Wednesday, October 21, 2015
Language is a highly politicised issue in Malaysia, where around 60% speak some variety of Malay as their home language and others speak Chinese, Indian or Bornean languages, with English used widely in business and also in wealthier homes.
English standards are generally thought to have fallen over the last 30 years. But whenever the government introduces policies to raise standards, some people complain that they should promote Malay instead. After all, it is the national language, even though science, medicine, law and other competitive subjects in public universities are mostly taught in English, and private universities teach nearly everything in it.

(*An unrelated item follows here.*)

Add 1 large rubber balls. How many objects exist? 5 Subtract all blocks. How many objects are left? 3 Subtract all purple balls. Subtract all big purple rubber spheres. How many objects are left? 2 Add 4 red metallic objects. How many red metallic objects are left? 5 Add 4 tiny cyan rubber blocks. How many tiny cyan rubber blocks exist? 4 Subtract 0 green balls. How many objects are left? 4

After gaining independence from Britain in 1957, Malaya (which became Malaysia in 1963 after incorporating the states of northern Borneo, and also Singapore for two years) had English-, Malay-, Mandarin- and Tamil-medium elementary schools, with English used as the main language for secondary schools. But from the 1970s Malay was phased in as the medium of instruction in national schools (although Chinese and Tamil schools were still allowed as ‘national-type’ schools) and in all secondary schools. English-medium schools were abolished. As a result, the level of Malay rose. Nowadays almost everyone except for some older Chinese- and Tamil-speakers can communicate in it.
On the other hand, levels of English started to go down. And so in 2003 the government introduced the PPSMI (Science and Maths in English) programme. These two subjects (alongside English language itself) were taught in English, which had a strong influence on education as they were generally considered to attract the best students.
However, PPSMI increased the gap between richer people living in cities, where many speak English in daily life, and poorer people living in rural areas. Rural pupils already found it hard to compete with city pupils. It became harder still for them when important subjects were taught in English. So in 2012 the government decided to phase out PPSMI. Supporters of Malay welcomed this. But supporters of English opposed it. In 2012 it was reported that two thirds of pupils had failed to achieve basic proficiency in English. And two thirds of English teachers themselves were reported to have failed an English proficiency test.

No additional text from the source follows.